My question are about this event in a little bit different way. Is it possible that we publish a paper in some mathematical journals that:
1) The only new thing in the paper is relation between a real phenomena and a field of mathematics that is well known. For example, we just model the controversy with bandwidth problem, and no more things just using the theorems that proved for bandwidth problem.
2) This paper does not have new theorems as like as theorems that are common in mathematical papers. This paper just use mathematical theorems in its direction.
Also, do we have some mathematical journals that publish such a papers? And if yes, is there some evidences for this type of publication?
Maybe someone think about the Hilbert Spaces and quantum mechanic. But, in my view, this is not the case. We use Hilbert spaces to model some aspects of quantum mechanics and we get some new results and theorems in quantum mechanic. If we want to think this relation, the paper only must be contain the modeling of quantum mechanic by Hilbert spaces and no more.
Briefly, suppose we found a connection between a real phenomenon and a field of mathematics that can be acceptable or a new view point for analysis the phenomenon. For example, if we found a relation between Darwin's evolutionary theory and a game on graph, is it possible that we can publish such a results as a paper in a mathematical journal? And what kind of mathematical journal is good for this work?

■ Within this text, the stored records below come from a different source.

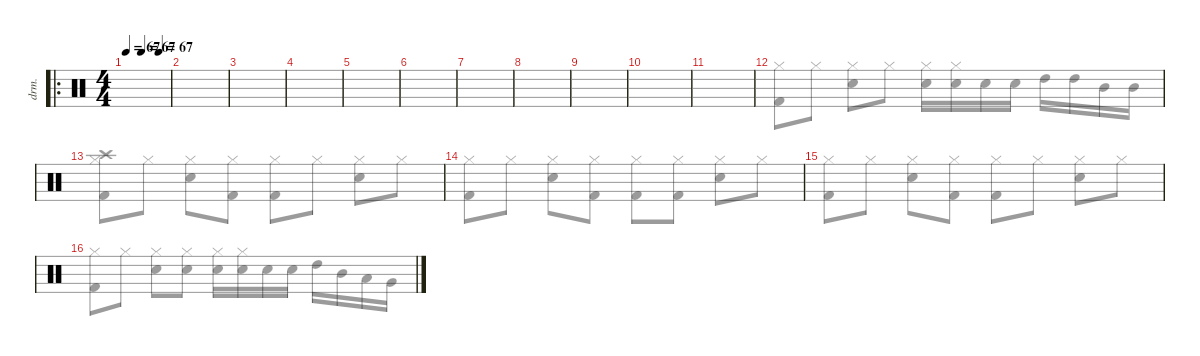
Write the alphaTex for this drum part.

\defaultSystemsLayout 4
\hideDynamics
\bracketExtendMode nobrackets
\otherSystemsTrackNameOrientation horizontal
\track ("Drumkit" "drm.") {instrument percussion}
\staff
\articulation defaults
\voice
\ro
\ts (4 4)
\tempo 67
\tempo (67 0.35)
\tempo (67 0.75)
\clef neutral
\ks c
|
|
|
|
|
|
|
|
|
|
|
|
|
|
|
\voice
\clef neutral
\ks c
|
|
|
|
|
|
|
|
|
|
|
("Hi-Hat (closed)" "Kick (hit) 2").8 "Hi-Hat (closed)".8 ("Hi-Hat (closed)" "Electric Snare (hit)").8 "Hi-Hat (closed)".8 ("Hi-Hat (closed)" "Electric Snare (hit)").16 ("Electric Snare (hit)" "Hi-Hat (closed)").16 "Electric Snare (hit)".16 "Electric Snare (hit)".16 "High Tom (hit)".16 "High Tom (hit)".16 "Mid Tom (hit)".16 "Mid Tom (hit)".16 |
("Hi-Hat (closed)" "Crash high (hit)" "Kick (hit) 2").8 "Hi-Hat (closed)".8 ("Hi-Hat (closed)" "Electric Snare (hit)").8 ("Hi-Hat (closed)" "Kick (hit) 2").8 ("Hi-Hat (closed)" "Kick (hit) 2").8 "Hi-Hat (closed)".8 ("Hi-Hat (closed)" "Electric Snare (hit)").8 "Hi-Hat (closed)".8 |
("Hi-Hat (closed)" "Kick (hit) 2").8 "Hi-Hat (closed)".8 ("Hi-Hat (closed)" "Electric Snare (hit)").8 ("Hi-Hat (closed)" "Kick (hit) 2").8 ("Hi-Hat (closed)" "Kick (hit) 2").8 ("Hi-Hat (closed)" "Kick (hit) 2").8 ("Hi-Hat (closed)" "Electric Snare (hit)").8 "Hi-Hat (closed)".8 |
("Hi-Hat (closed)" "Kick (hit) 2").8 "Hi-Hat (closed)".8 ("Hi-Hat (closed)" "Electric Snare (hit)").8 ("Hi-Hat (closed)" "Kick (hit) 2").8 ("Hi-Hat (closed)" "Kick (hit) 2").8 "Hi-Hat (closed)".8 ("Hi-Hat (closed)" "Electric Snare (hit)").8 "Hi-Hat (closed)".8 |
("Hi-Hat (closed)" "Kick (hit) 2").8 "Hi-Hat (closed)".8 ("Hi-Hat (closed)" "Electric Snare (hit)").8 ("Hi-Hat (closed)" "Electric Snare (hit)").8 ("Hi-Hat (closed)" "Electric Snare (hit)").16 ("Hi-Hat (closed)" "Electric Snare (hit)").16 "Electric Snare (hit)".16 "Electric Snare (hit)".16 "High Tom (hit)".16 "Mid Tom (hit)".16 "Low Tom (hit)".16 "Very Low Tom (hit)".16
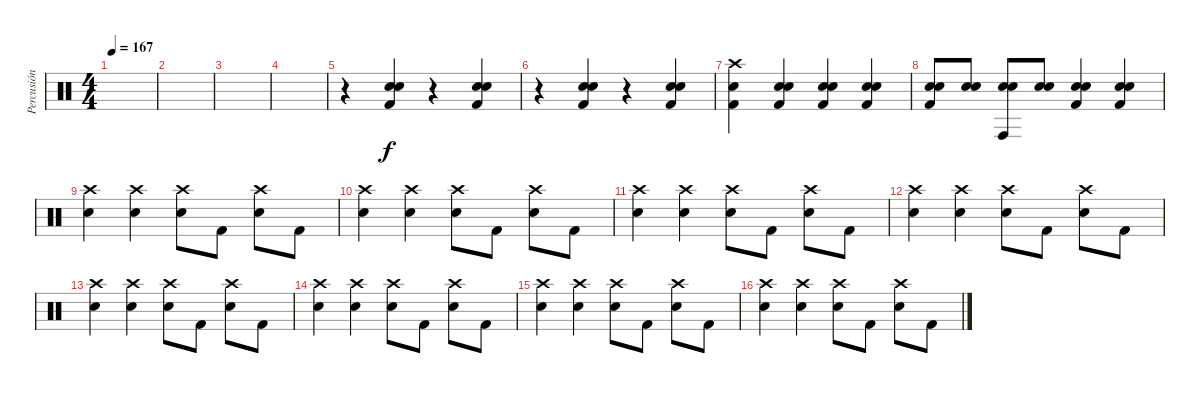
\track ("Percusión" "Percusión") {instrument percussion}
\staff {score}
\articulation defaults
\ts (4 4)
\tempo 167
\clef neutral
\ks c
|
|
|
|
r.4 ("Kick (hit) 2" "Electric Snare (hit)" "Electric Snare (hit)").4 r.4 ("Kick (hit) 2" "Electric Snare (hit)" "Electric Snare (hit)").4 |
r.4 ("Kick (hit) 2" "Electric Snare (hit)" "Electric Snare (hit)").4 r.4 ("Kick (hit) 2" "Electric Snare (hit)" "Electric Snare (hit)").4 |
("Kick (hit) 2" "Electric Snare (hit)" "Crash high (hit)").4 ("Kick (hit) 2" "Electric Snare (hit)" "Electric Snare (hit)").4 ("Kick (hit) 2" "Electric Snare (hit)" "Electric Snare (hit)").4 ("Kick (hit) 2" "Electric Snare (hit)" "Electric Snare (hit)").4 |
("Kick (hit) 2" "Electric Snare (hit)" "Electric Snare (hit)").8 ("Electric Snare (hit)" "Electric Snare (hit)").8 ("Conga high (hit)" "Electric Snare (hit)" "Electric Snare (hit)").8 ("Electric Snare (hit)" "Electric Snare (hit)").8 ("Kick (hit) 2" "Electric Snare (hit)" "Electric Snare (hit)").4 ("Kick (hit) 2" "Electric Snare (hit)" "Electric Snare (hit)").4 |
("Crash high (hit)" "Electric Snare (hit)").4 ("Crash high (hit)" "Electric Snare (hit)").4 ("Crash high (hit)" "Electric Snare (hit)").8 "Kick (hit) 2".8 ("Crash high (hit)" "Electric Snare (hit)").8 "Kick (hit) 2".8 |
("Crash high (hit)" "Electric Snare (hit)").4 ("Crash high (hit)" "Electric Snare (hit)").4 ("Crash high (hit)" "Electric Snare (hit)").8 "Kick (hit) 2".8 ("Crash high (hit)" "Electric Snare (hit)").8 "Kick (hit) 2".8 |
("Crash high (hit)" "Electric Snare (hit)").4 ("Crash high (hit)" "Electric Snare (hit)").4 ("Crash high (hit)" "Electric Snare (hit)").8 "Kick (hit) 2".8 ("Crash high (hit)" "Electric Snare (hit)").8 "Kick (hit) 2".8 |
("Crash high (hit)" "Electric Snare (hit)").4 ("Crash high (hit)" "Electric Snare (hit)").4 ("Crash high (hit)" "Electric Snare (hit)").8 "Kick (hit) 2".8 ("Crash high (hit)" "Electric Snare (hit)").8 "Kick (hit) 2".8 |
("Crash high (hit)" "Electric Snare (hit)").4 ("Crash high (hit)" "Electric Snare (hit)").4 ("Crash high (hit)" "Electric Snare (hit)").8 "Kick (hit) 2".8 ("Crash high (hit)" "Electric Snare (hit)").8 "Kick (hit) 2".8 |
("Crash high (hit)" "Electric Snare (hit)").4 ("Crash high (hit)" "Electric Snare (hit)").4 ("Crash high (hit)" "Electric Snare (hit)").8 "Kick (hit) 2".8 ("Crash high (hit)" "Electric Snare (hit)").8 "Kick (hit) 2".8 |
("Crash high (hit)" "Electric Snare (hit)").4 ("Crash high (hit)" "Electric Snare (hit)").4 ("Crash high (hit)" "Electric Snare (hit)").8 "Kick (hit) 2".8 ("Crash high (hit)" "Electric Snare (hit)").8 "Kick (hit) 2".8 |
("Crash high (hit)" "Electric Snare (hit)").4 ("Crash high (hit)" "Electric Snare (hit)").4 ("Crash high (hit)" "Electric Snare (hit)").8 "Kick (hit) 2".8 ("Crash high (hit)" "Electric Snare (hit)").8 "Kick (hit) 2".8

Sorry me for long question.
Best Answer
Oh yes! Establishing a connection between some class of natural phenomena and a well known field of mathematics can make you famous. And you do not have to prove new theorems. The most striking recent example is Benoit Mandelbrot. According to the Google Scholar he is THE MOST cited mathematician of all (at the time I write this). And all his activity was exactly as you describe. Even before fractals, he was looking for new connections between "well known" fields of mathematics and real world. For example he was looking for "stable probability distributions" everywhere, "power laws" etc. But his greatest success was "fractals". The relevant mathematics was known for about 50 years. Well known to a very narrow circle of specialists, as it happens to most areas of pure mathematics. He invented a catchy word "fractal" and then showed by examples that "fractals are everywhere". I don't know a single new theorem that Mandelbrot proved. But his influence on mathematics and science was really enormous.
On a smaller scale we have Kramers-Kronig relations. Which is nothing else but the "well known" Spkhotski-Plemelj formula. It is not important that Kramers and Kronig discovered these known relations independently. What is important is that they proposed a physical interpretation. And there are thousands of examples like this. You can even receive a Nobel prize by establishing a new relation to the real world of some well known mathematics.